— Значит, искусство нужно изъять из сферы нравственного?
— Нет.
— Почему, если оно сродни природе?
— «Потому что земля, рождающая, безответственна, а человек, творящий, — ответствен. Потому что у земли, произращающей, одна воля: к произращению, у человека же должна быть воля к произращению доброго, которое он знает» (2,376).
— И художник, следовательно, творит во благо человека, принося пользу в высшем смысле?
— «Когда польза, а когда и вред, и насколько чаще — вред!» (2,376).
— Почему же?
— Потому что на художника действует «наитие стихий» (2,377) и художественный гений есть феномен такого действия, «высшая степень подверженности наитию — раз, управа с этим наитием — два» (2,377). «Гения без воли нет, но ещё больше нет, ещё меньше есть — без наития…Воля же без наития — в творчестве — просто кол. Дубовый. Такой поэт лучше бы шёл в солдаты» (2,378).
— Но подсуден ли художник, если в нём действуют столь различные начала?
— «Как человек — да, как художник — нет» (2,383)..
— То есть: как художник он вне действия совести?
— «…Художественный закон нравственно прямо-обратен…Художественное творчество в иных случаях некая атрофия совести, больше скажу: необходимая атрофия совести, тот нравственный изъян, без которого ему, искусству, не быть. Чтобы быть хорошим, не вводить в соблазн малых сих, искусству пришлось бы отказаться от доброй половины всего себя. Единственный способ искусству быть заведомо-хорошим — не быть» (2,383).
— Но сказано: «А кто соблазнит одного из малых сих, верующих в Меня, тому лучше было бы, если бы повесили ему мельничный жернов на шею и потопили его во глубине морской» (Мф. 18, 6).
— Искусство вне проповеди. «Священник <…> говорит по долгу службы, и мы не только ничего не чувствуем, но и не слушаем, зная заранее, что он скажет» (2,379). Если художественное творчество истинно, оно не подлежит нравственному закону. Искусство вообще противостоит добру. Когда действует совесть, человек может уничтожить то, что он создал как художник. Так поступил Гоголь — совершая сожжение второй части «Мёртвых душ»— «для добра и против искусства» (2,376).
— Значит, искусство вообще не служит добру, не служит Богу?
— «Кощунство. Когда я пишу своего Молодца — любовь упыря к девушке и девушки к упырю — я никакому Богу не служу: знаю, какому Богу служу. Когда я пишу татар в просторах, я тоже никакому Богу не служу, кроме ветра (либо чура: пращура). Все мои русские вещи стихийны, то есть грешны» (2,393).
— И священника слушать не следует (то есть руководствоваться религиозным осмыслением жизни, искусства в том числе)?

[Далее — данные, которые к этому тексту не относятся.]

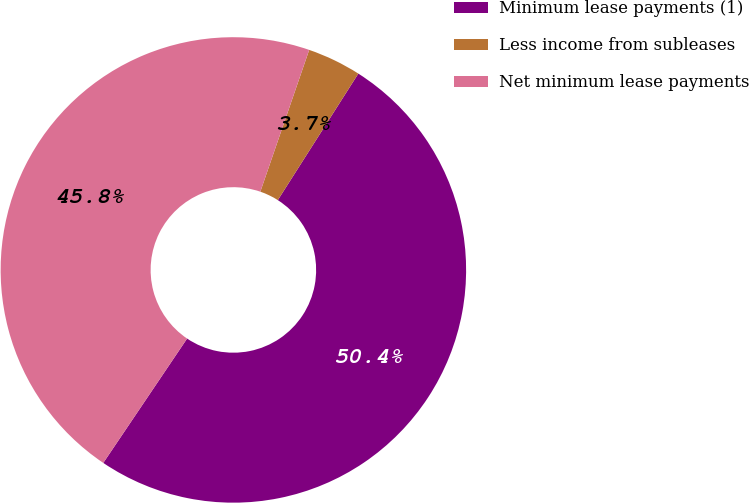Convert chart. <chart><loc_0><loc_0><loc_500><loc_500><pie_chart><fcel>Minimum lease payments (1)<fcel>Less income from subleases<fcel>Net minimum lease payments<nl><fcel>50.42%<fcel>3.74%<fcel>45.84%<nl></chart> 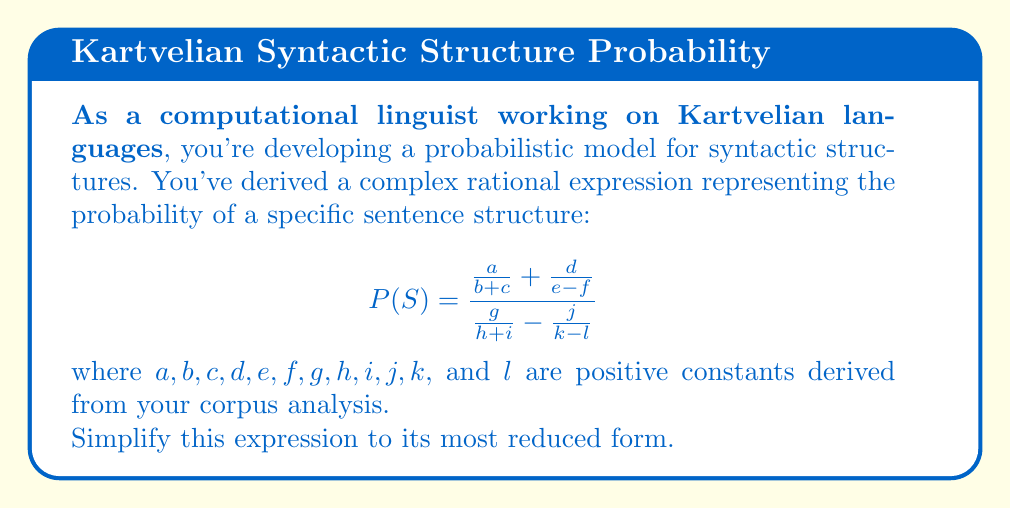Provide a solution to this math problem. Let's simplify this complex rational expression step by step:

1) First, let's find a common denominator for the numerator and denominator separately.

   For the numerator: $(b+c)(e-f)$
   For the denominator: $(h+i)(k-l)$

2) Rewrite the expression:

   $$P(S) = \frac{\frac{a(e-f)}{(b+c)(e-f)} + \frac{d(b+c)}{(b+c)(e-f)}}{\frac{g(k-l)}{(h+i)(k-l)} - \frac{j(h+i)}{(h+i)(k-l)}}$$

3) Simplify the numerator and denominator:

   $$P(S) = \frac{\frac{a(e-f) + d(b+c)}{(b+c)(e-f)}}{\frac{g(k-l) - j(h+i)}{(h+i)(k-l)}}$$

4) Now we have a division of two fractions. To divide fractions, we multiply by the reciprocal:

   $$P(S) = \frac{a(e-f) + d(b+c)}{(b+c)(e-f)} \cdot \frac{(h+i)(k-l)}{g(k-l) - j(h+i)}$$

5) Cancel out common factors if any (in this case, there are none), and we get our final simplified expression:

   $$P(S) = \frac{[a(e-f) + d(b+c)](h+i)(k-l)}{[(b+c)(e-f)][g(k-l) - j(h+i)]}$$

This is the most simplified form of the given complex rational expression.
Answer: $$P(S) = \frac{[a(e-f) + d(b+c)](h+i)(k-l)}{[(b+c)(e-f)][g(k-l) - j(h+i)]}$$ 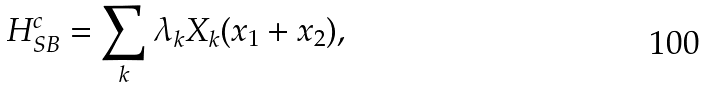<formula> <loc_0><loc_0><loc_500><loc_500>H _ { S B } ^ { c } = \sum _ { k } \lambda _ { k } X _ { k } ( x _ { 1 } + x _ { 2 } ) ,</formula> 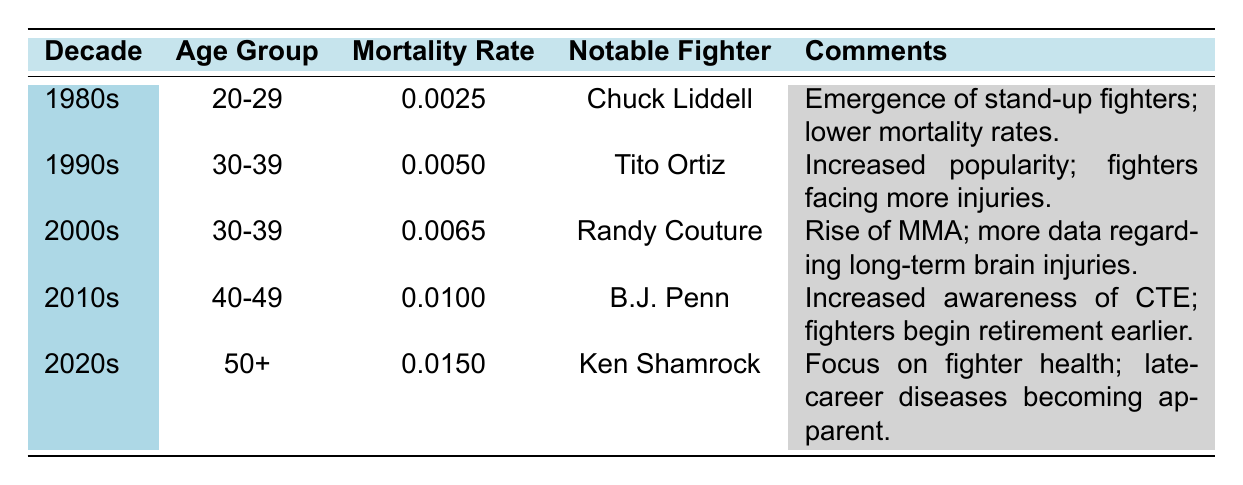What is the mortality rate for fighters in their 20s during the 1980s? According to the table, for the decade of the 1980s, the age group 20-29 has a mortality rate of 0.0025.
Answer: 0.0025 Which notable fighter is associated with the decade of the 1990s? The table indicates that Tito Ortiz is the notable fighter for the 1990s.
Answer: Tito Ortiz What was the age group with the highest mortality rate in the 2010s? Reviewing the table, the age group 40-49 has a mortality rate of 0.0100 in the 2010s, which is higher than that of the other age groups listed.
Answer: 40-49 Is the mortality rate for fighters in the 2020s higher than in the 1980s? The 2020s have a mortality rate of 0.0150, while the 1980s have a mortality rate of 0.0025. Since 0.0150 is greater than 0.0025, the answer is yes.
Answer: Yes What is the average mortality rate for the age group 30-39 across the 1990s and 2000s? The mortality rates for the age group 30-39 are 0.0050 for the 1990s and 0.0065 for the 2000s. Summing these rates gives 0.0050 + 0.0065 = 0.0115. There are 2 data points, so the average is 0.0115 / 2 = 0.00575.
Answer: 0.00575 Which decade's notable fighter had an associated comment about increased awareness of CTE? According to the table, B.J. Penn is the notable fighter for the 2010s, and the comment related to him mentions the increased awareness of Chronic Traumatic Encephalopathy (CTE).
Answer: 2010s What is the difference in mortality rates between the 2020s and the 2000s? The mortality rate for the 2020s is 0.0150 and for the 2000s, it is 0.0065. To find the difference, subtract 0.0065 from 0.0150: 0.0150 - 0.0065 = 0.0085.
Answer: 0.0085 In which decade is Ken Shamrock noted, and what is his age category? The table shows that Ken Shamrock is noted in the 2020s, specifically in the age group of 50+.
Answer: 2020s, 50+ Is it true that all the notable fighters mentioned were part of the UFC? There is no specific information in the table indicating that all notable fighters like Chuck Liddell, Tito Ortiz, Randy Couture, B.J. Penn, and Ken Shamrock were part of the UFC; therefore, this statement cannot be confirmed as true.
Answer: No

— «Когда при виде священника, монаха, даже сестры милосердия — неизменно— неодолимо! — опускаю глаза, я знаю, почему их опускаю. Мой стыд при виде священника, монаха, даже сестры милосердия, мой стыд — вещ» (2,294).
— Вы делаете божеское дело?
— «Если мои вещи отрешают, просвещают, очищают — да, если обольщают — нет, и лучше бы мне камень повесили на шею. А как часто в одной и той же вещи, на одной и той же странице, в одной и той же строке и отрешают и обольщают. То же сомнительное пойло, что в котле колдуньи: чего только ни навалено и ни наварено!» (2,394).
— Но если поэт не служит Богу, кому же он служит?
— «Многобожие поэта. Я бы сказала: в лучшем случае наш христианский Бог входит в сонм его богов. Никогда не атеист, всегда многобожец, с той только разницей, что высшие знают старшего (что было и у язычников). Большинство же и этого не знают и слепо чередуют Христа с Дионисом, не понимая, что одно уже сопоставление этих имён — кощунство и святотатство» (2,394–395).
— Но это и есть язычество. Ведь именно в языческом многобожии проявляется то «наитие стихий», вне которого якобы нет искусства. Художник-христианин говорит о вдохновении…
— «Состояние творчества есть состояние наваждения…Что-то, кто-то в тебя вселяется, твоя рука — исполнитель, не тебя, а того. Кто — он? То, что через тебя хочет быть» (2,397).
— Страшное признание. Ведь ясно же становится: кто этот “он”. Тот, кто, осуществляя себя через поэта, бунтует против Творца.
— «Поэта, не принимающего какой бы то ни было стихии, следовательно и бунта — нет» (2,398).
— Значит, и речи не может быть о служении Богу?
— «…Если хочешь служить Богу или людям, вообще хочешь служить, делать людям добро, поступай в Армию Спасения или ещё куда-нибудь — и брось стихи» (2,406).